そして、デンケン、ラオフェン、ユーベル、ラント、ヴィアベル、エーレ、シャルフ、ドゥンスト、メトーデ、カンネの10人がゼンゼが待つ宝物庫にたどり着き、デンケンは、ここが零落の王墓の最深部か、と口にする。
ゼンゼは、君たちは零落の王墓を攻略した、一級魔法使いに十分匹敵する、歴史に名を残すほどの偉業だ、と一同を称え、約束どおり最深部にたどり着いた全員を第二次試験合格とすると告げる。デンケンが、一番の功労者はどこに行った?と尋ねると、ゼンゼは視線を横に逸らす。すると、金が山のように積まれた一角で、宝箱のミミックに噛まれたフリーレンが、暗いよー怖いよー、と悲鳴を上げ、その脇でフェルンが呆れた様子でそれを眺めていた。呆れた様子のデンケンだったが、ラオフェンは、まあ気持ちは分かるかな、と言うのだった。そして、ゼンゼは、それでは第二次試験は終了とする、と試験の終了を告げる。

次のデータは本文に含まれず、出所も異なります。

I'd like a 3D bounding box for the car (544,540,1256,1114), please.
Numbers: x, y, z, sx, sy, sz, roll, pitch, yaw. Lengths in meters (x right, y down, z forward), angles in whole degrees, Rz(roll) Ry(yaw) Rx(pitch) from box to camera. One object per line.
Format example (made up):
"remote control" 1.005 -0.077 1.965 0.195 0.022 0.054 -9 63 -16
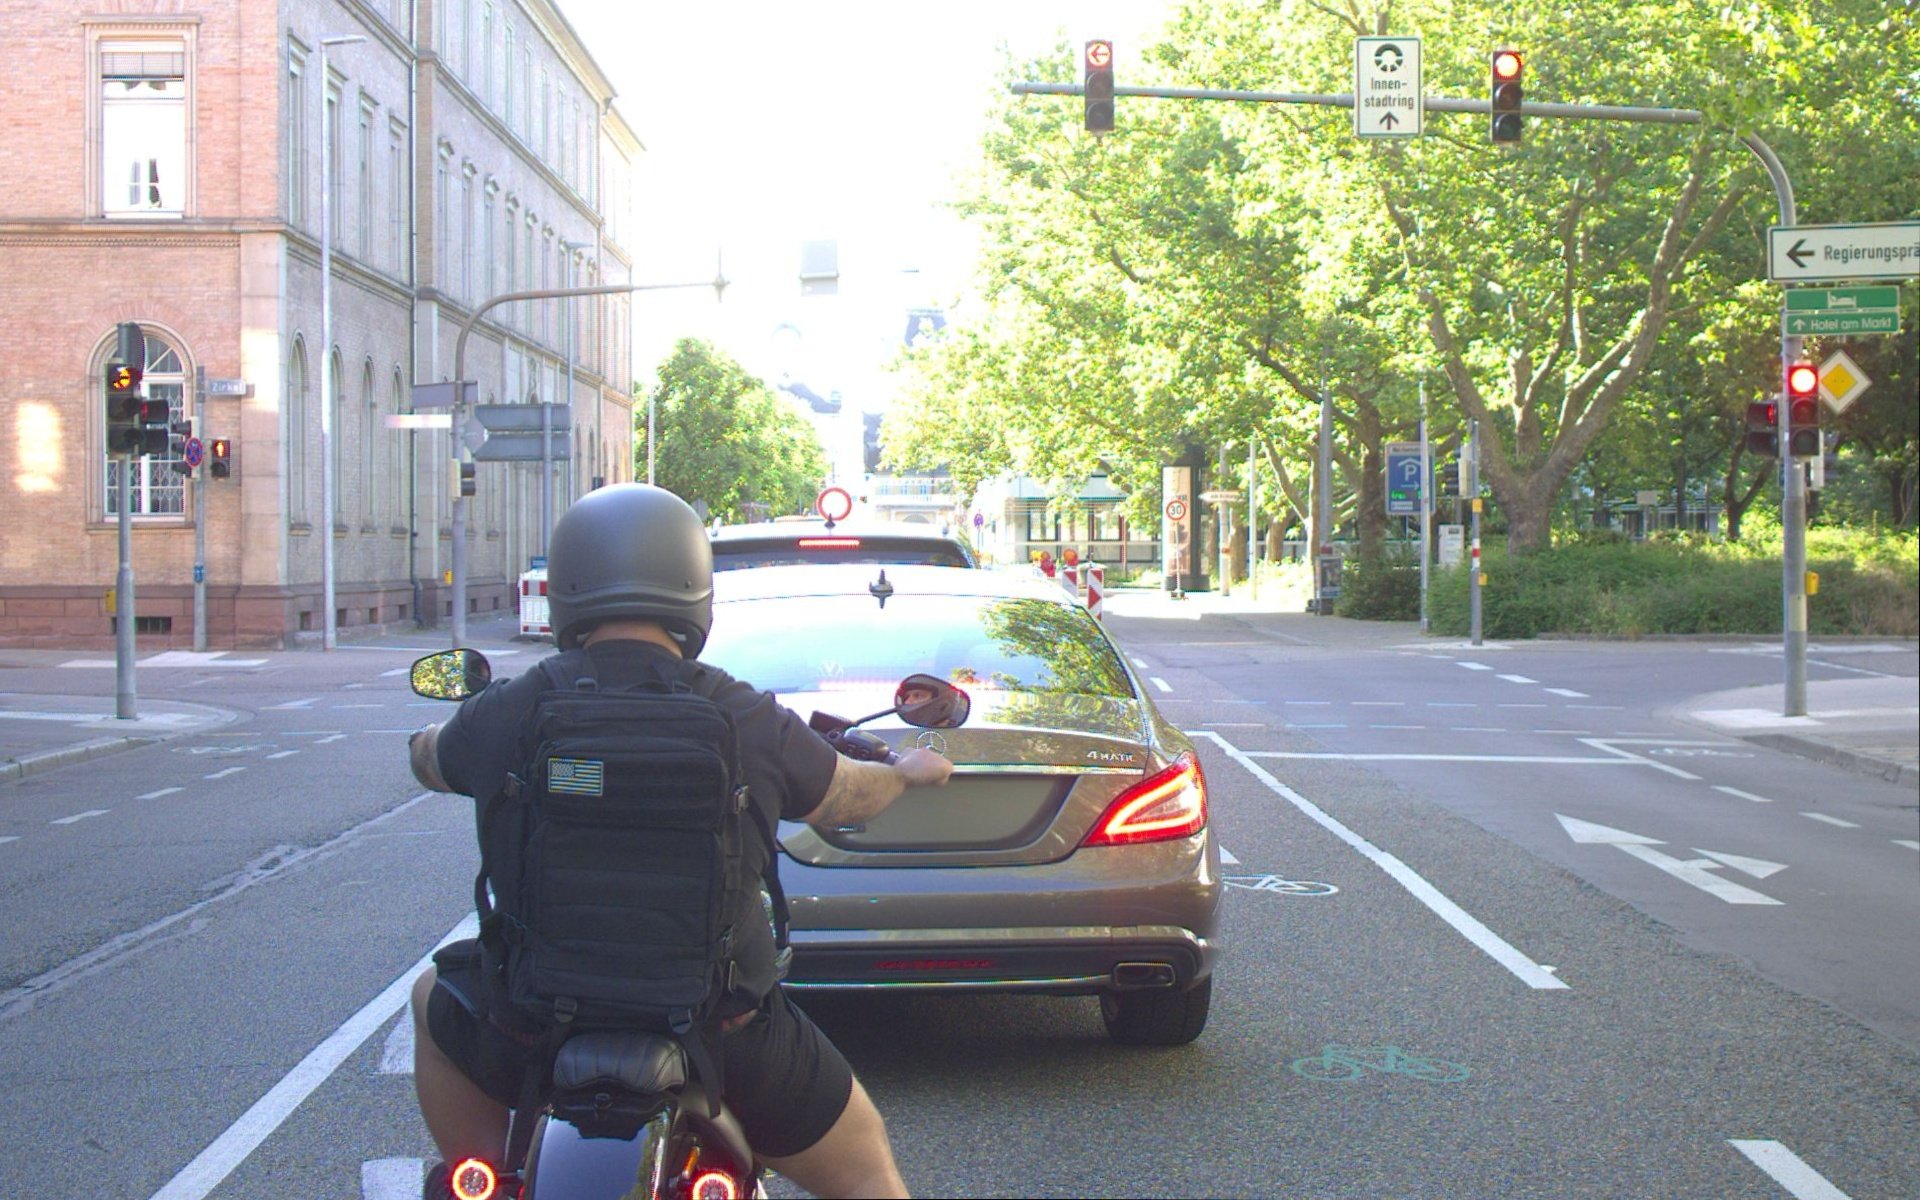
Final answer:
"car" -0.405 0.572 11.132 1.824 1.481 4.334 1 1 -7

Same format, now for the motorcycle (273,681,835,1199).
"motorcycle" -0.561 0.784 5.427 0.660 1.236 2.058 1 1 -1

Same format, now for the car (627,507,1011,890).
"car" -0.636 0.408 16.978 1.651 1.646 4.000 1 1 -1

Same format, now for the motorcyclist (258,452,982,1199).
"motorcyclist" -0.482 0.599 5.332 0.990 1.605 1.120 1 0 -1

そのころ、ダンジョンの入口では、レンゲとラヴィーネが座り込み、ブライが空を眺める脇で、ゴーレムに運び出されていたエーデルが、運び出されてゴーレムに治療を受けるリヒターに、何と回復魔法まで使えるのじゃ、凄いじゃろ、と自慢げに話していた。そこに、ゴーレムに抱えられたトーンが運び出されてくるのだった。

(ここまで)

 

原作コミックでは、動きの少ない画だったようですが、戦闘シーンでは、これまでのエピソードに増して激しいバトルシーンで、その迫力に圧倒されました。

3月末まで休みなく続くとすれば、残りはあと3話、続く第三次試験が描かれて、一級魔法使い選抜試験が終了した切りのいいところでこの第2クールを終えることになるのでしょう。続きはまた改めて。